What a country needs to be able to develop and maintain strategic thinking and a national strategy are listed in the endnote to this paper.
What practical tools of Statecraft does a state need if it is to advance its interests in the modern world? As noted above, the range of instabilities we face requires us to be able to deploy and employ correspondingly diverse types of power: to stabilise the situation; to counter threats; to exploit opportunities in the national interest; to prevent further problems. These types of power might include diplomatic activity, economic action, political pressure, legal action, capacity building for good governance, security sector reform, and many others.
To wield these different kinds of power needs different kinds of tools or forces. Armed forces are a useful, sometimes invaluable, source of power, but they are not the only one. Indeed, deploying them in “kinetic” (violent) operations may in the future be less and less likely to produce the solution to resolving an instability. The other, non-military kinds of forces we frequently subsume under the expression “The Comprehensive Approach”, often without adequate definition and usually without adequate provision. These forces may be governmental, generated by many different government departments. They may be NGOs. They may (increasingly) be commercial companies. Forces is not an ideal word, implying as it does coercion, but it is preferable to tools, which implies equipment. So, let us stick with forces for the moment in the absence of a better word.

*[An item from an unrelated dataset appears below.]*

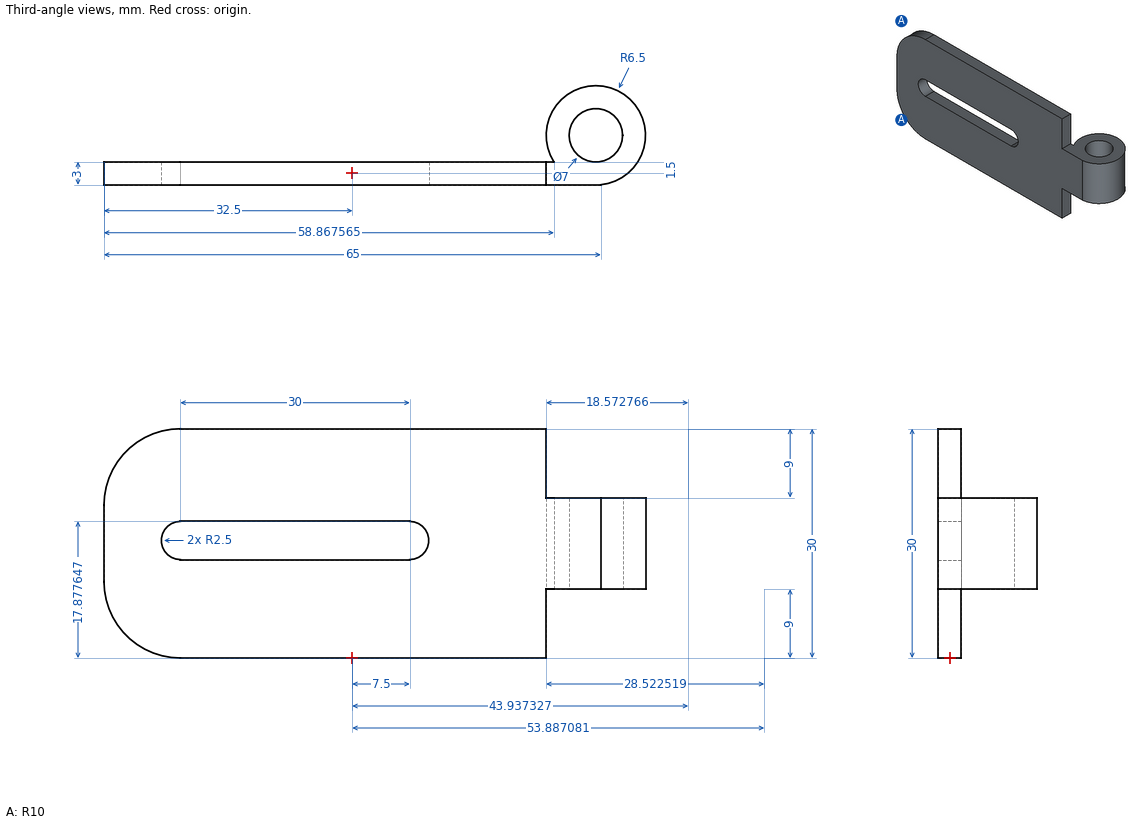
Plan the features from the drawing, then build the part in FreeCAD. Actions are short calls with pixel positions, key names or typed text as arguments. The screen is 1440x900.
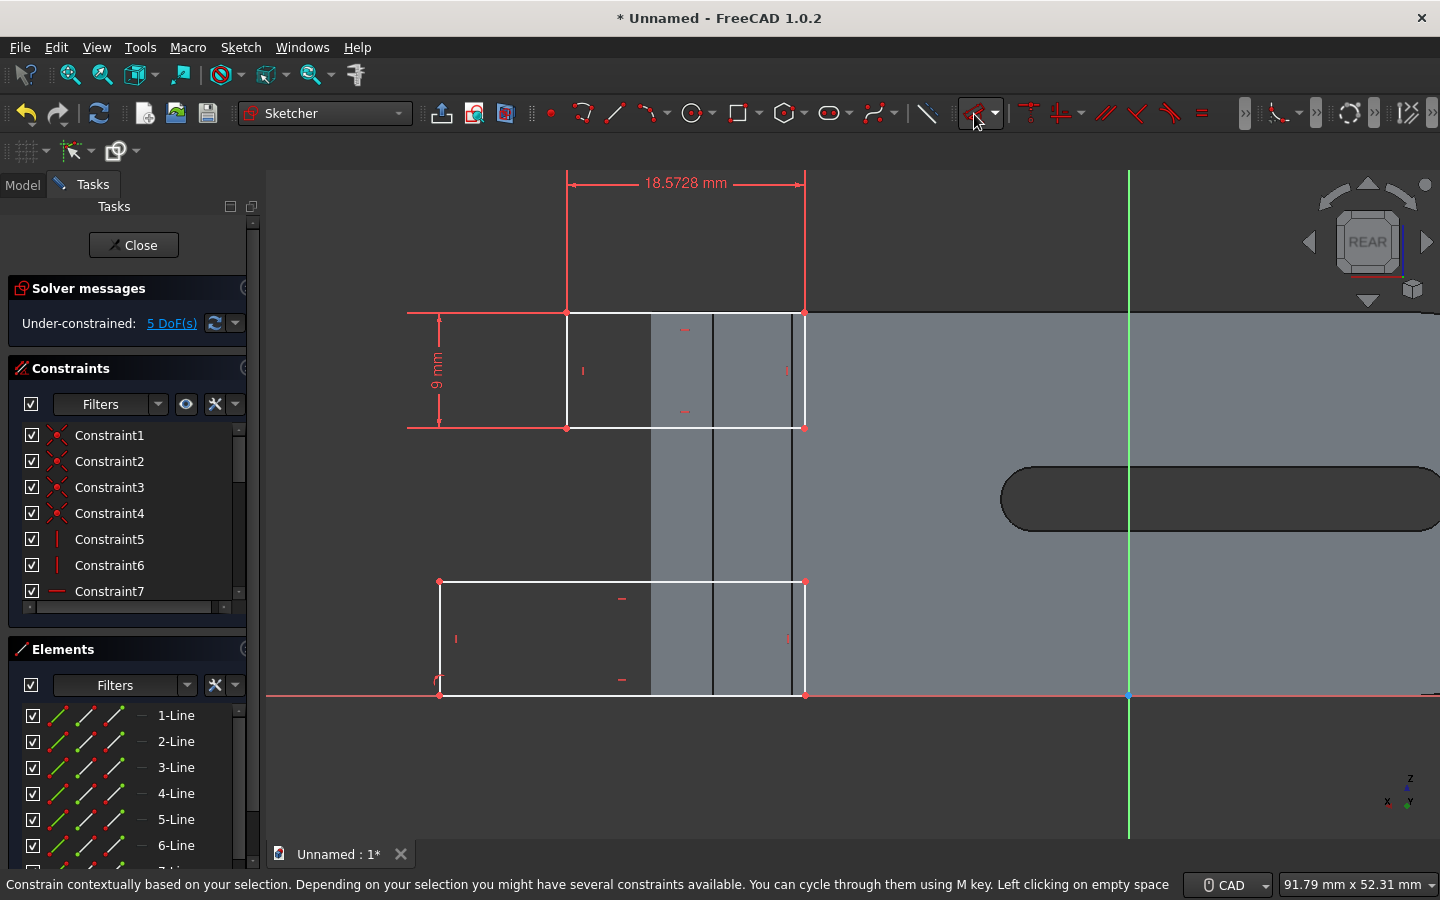
click(440, 616)
click(406, 639)

To be useful, all the various forms of forces need to be:
(a) rapidly mobilisable (and easily de-mobilisable when no longer needed, so as to be affordable);
(b) deployable, usually rapidly;
(c) employable, by competent people, in concert with each other and in coordination with the activities of other players (other affected states); in accordance with local conditions; conforming to a strategy or in pursuit of a national strategic objective;
(d) available on a sufficient scale when needed;
The implications of the above are considerable. Firstly, it is the common failure to be able to provide these other, non-military kinds of forces that often leads governments to make inappropriate use of their militaries, sometimes with unfortunate results, or to allow the deployment of poorly-regulated private companies whose profitable activities may in fact be worthless or even counter-productive.
Secondly, generating suitable forces will be difficult because government departments other than the MoD are not accustomed to creating and maintaining significant groupings of people and material for protracted external deployment.

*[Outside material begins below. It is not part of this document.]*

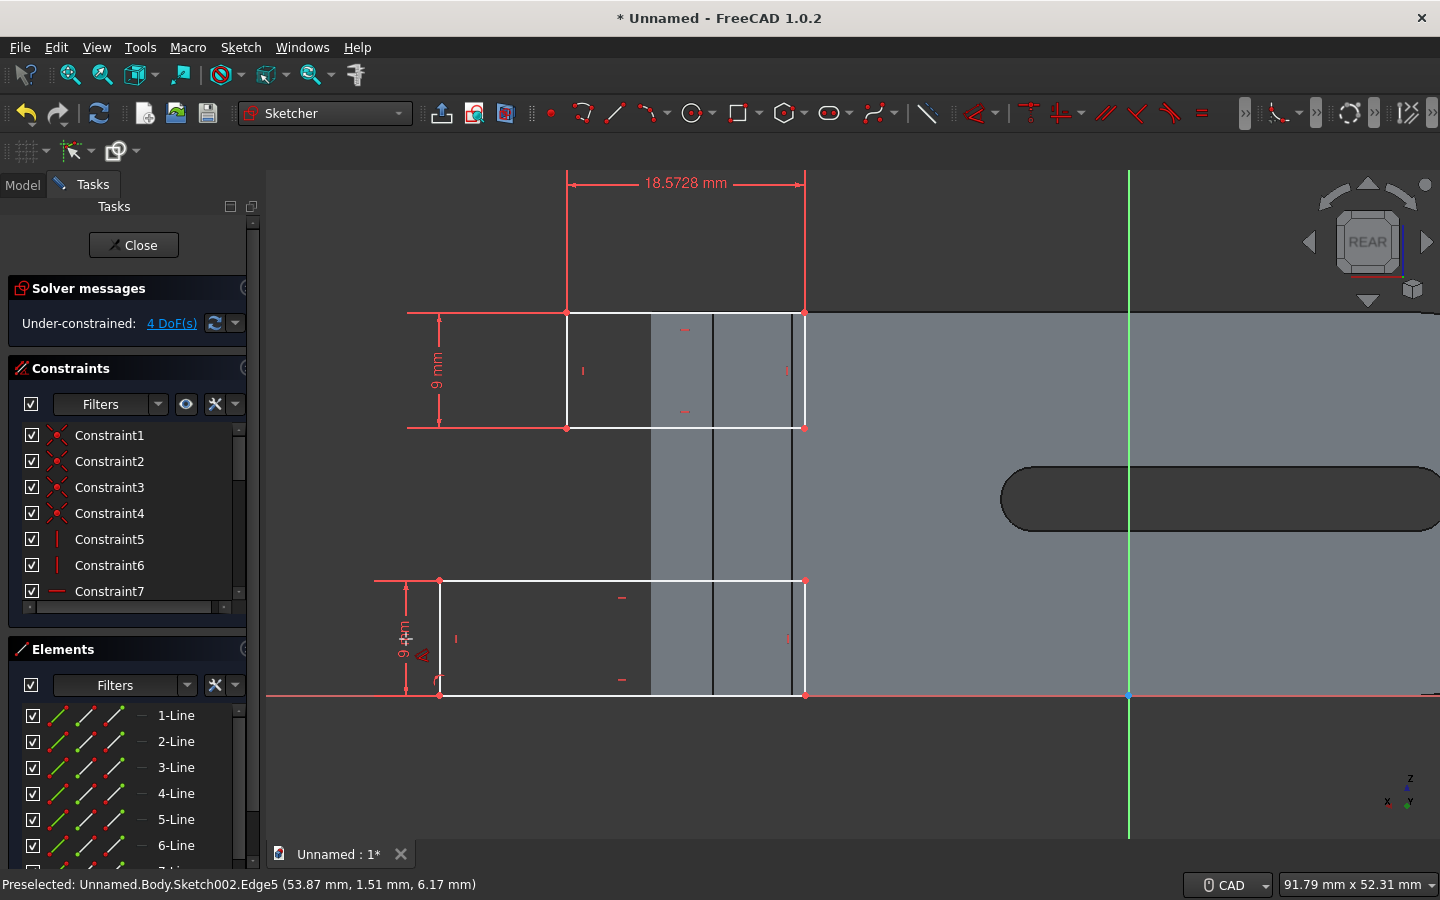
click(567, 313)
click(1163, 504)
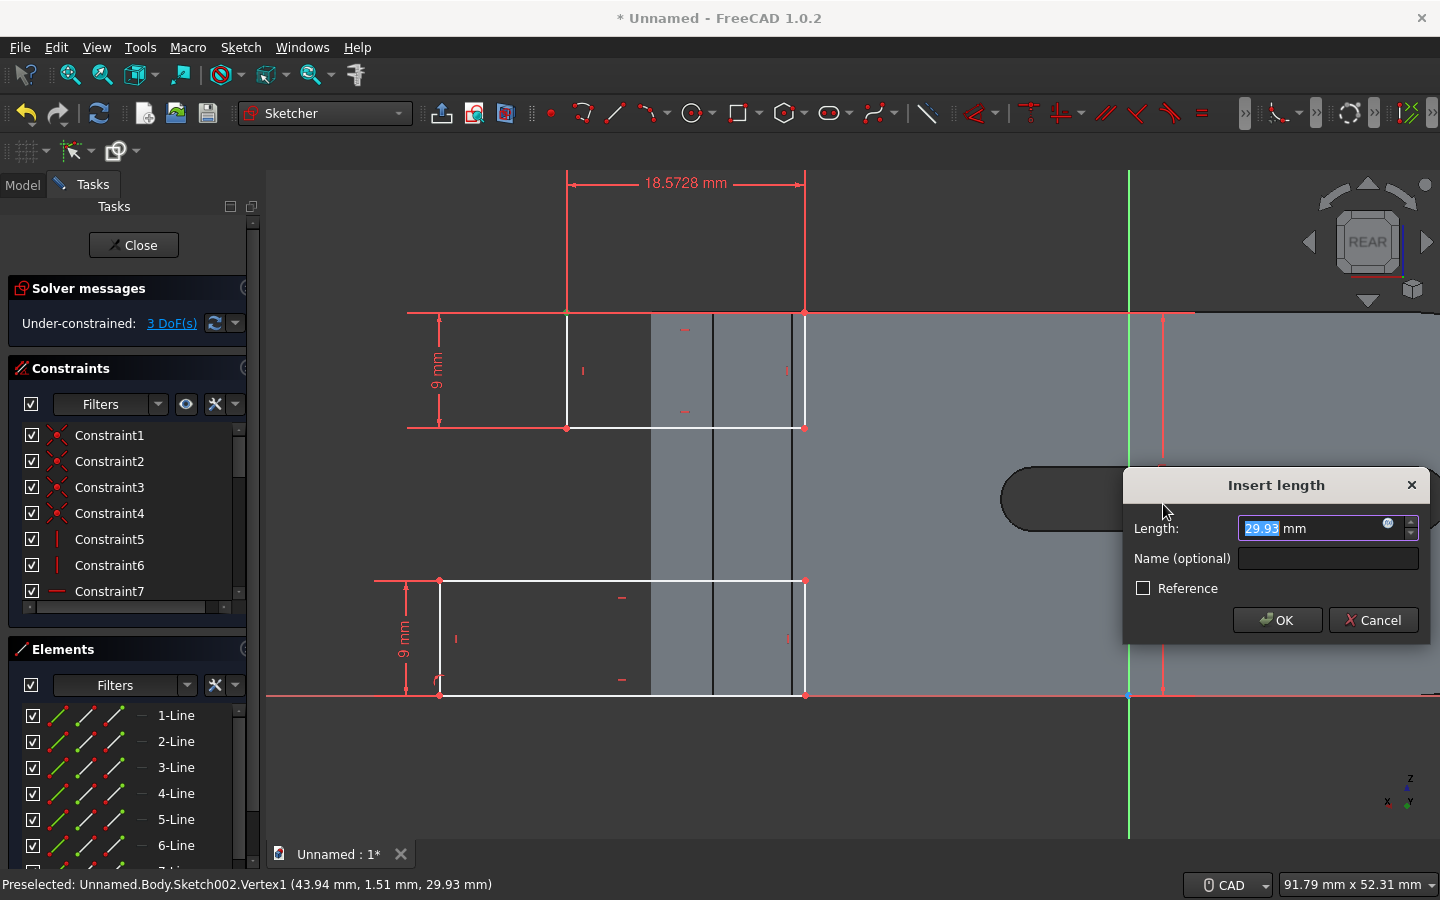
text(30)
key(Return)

Thirdly, without suitably educated, creative staff, agreed concepts and some doctrinal guidance, Departments have no common basis for the design of their forces and how they will contribute to the whole. No single Department can provide this for other Departments. Any attempt by, for example, MoD to do this will be rejected by other Departments. This is not just an issue of pride or prejudice. Government Departments each have their own distinct cultural identity born out of the Departments’ functions and operating environments. This shapes their philosophies, language, procedures, staff attitudes, recruitment and promotion criteria, and so on.
As we cannot afford to specialise and to choose what instabilities to prepare for and what not, we need a new concept altogether for how to organise, equip, man and train/educate our Armed Forces together with the other kinds of forces we need to exercise power. We need “Adaptable Forces”. This means we need Armed Forces able to:
- maintain their key core competences (capabilities) for all eventualities - expand their capacities rapidly when needed and contract them again when no longer needed - expand into the areas specifically required by the emerging (unforeseen) instability (threat, challenge etc.) But, as noted above, these same criteria must be fulfilled by civilian forces (i.e. from other Government Departments and from the private sector) as well as by the military. They must include an educational system able to provide the staff with the understanding, ability to learn, and the skills they will need. Finally, the development of such military and civilian forces raises the question of how they should be controlled and commanded. If, as we have noted above, no one single Department is fitted to exercise command and control, to enable and enforce collaboration and to coordinate their use, then some supra-departmental body is clearly required with the competences and mechanisms to do this, reporting directly to a PM or President.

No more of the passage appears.